Execute the learnable topology lifting pipeline:

```bash
python -m topobench dataset=graph/cocitation_cora model=graph/gcn_dgm
```

This command:
- Uses the **Cora citation network** dataset
- Applies **GCN backbone** with **DGM topology learning**
- Learns optimal graph structure during training

## 🛠️ Integrating Your Own Learnable Module

Want to add your custom topology learning approach?

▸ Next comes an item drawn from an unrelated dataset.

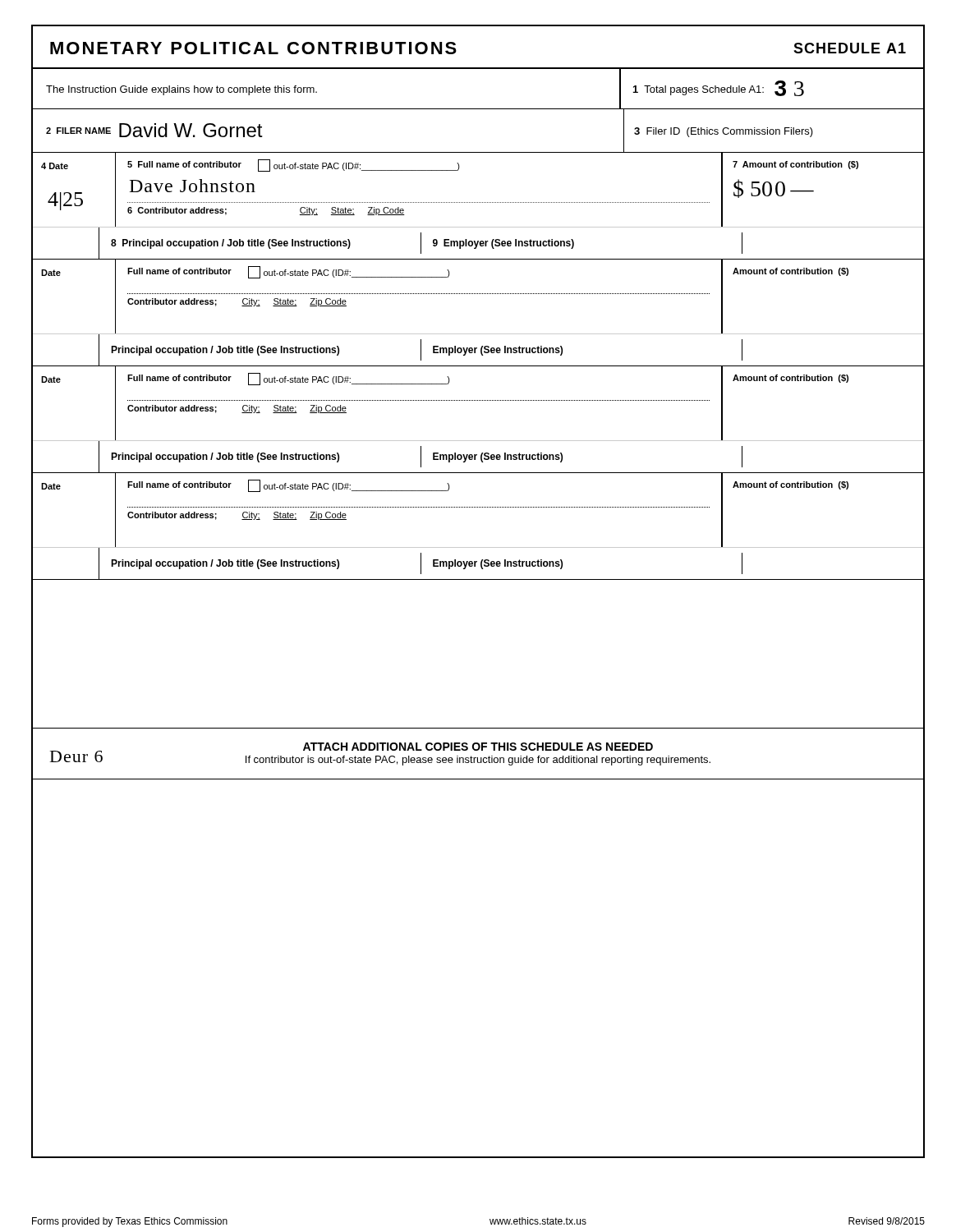Navigate to the region starting "1 Total pages Schedule"
The image size is (956, 1232).
(x=719, y=89)

Follow these three simple steps:

### Step 1: Create Your Feature Encoder

Create `/topobench/nn/encoders/my_custom_encoder.py`:

```python
from topobench.nn.encoders.base import AbstractFeatureEncoder

class MyCustomTopologyEncoder(AbstractFeatureEncoder):
    def forward(self, data):
        # Your custom topology learning logic here
        learned_edges = self.infer_topology(data.x_0)
        data["edges_index"] = learned_edges
        return data
```

### Step 2: Create Your Loss Function  

Create `/topobench/loss/model/my_custom_loss.py`:

```python
class MyCustomTopologyLoss:
    def __init__(self, loss_weight=1.0, regularization=0.01):
        self.loss_weight = loss_weight
        self.regularization = regularization
    
    def __call__(self, model_out, batch):
        # Your custom topology learning loss
        topology_loss = self.compute_topology_loss(batch)
        model_out["loss"] += self.loss_weight * topology_loss
        return model_out
```

### Step 3: Create Model Configuration

Create `/configs/model/graph/my_custom_model.yaml`:

```yaml
_target_: topobench.nn.encoders.MyCustomTopologyEncoder
encoder_name: MyCustomTopologyEncoder
in_channels:
  - ${infer_in_channels:${dataset},${oc.select:transforms,null}}
out_channels: 64
proj_dropout: 0.0
loss:
  _target_: topobench.loss.model.MyCustomTopologyLoss
  loss_weight: 5.0
  regularization: 0.01
```

### Step 4: Run Your Model

```bash
python -m topobench dataset=graph/your_dataset model=graph/my_custom_model
```

## 🎉 Summary

TopoBench's learnable topology lifting provides:

- **🔄 Unified Pipeline**: Consistent interface for all topology learning approaches
- **🎯 Decoupled Design**: Topology learning separated from backbone models  
- **🔧 Easy Integration**: Simple 3-step process to add custom modules
- **📈 End-to-End Learning**: Joint optimization of structure and task objectives

The key insight is that topology learning happens in the **feature encoder stage**, allowing any backbone model to benefit from learned graph structures without modification.

---

**Next Steps**: Try experimenting with different datasets and backbone models to see how learnable topology lifting improves performance on your specific tasks!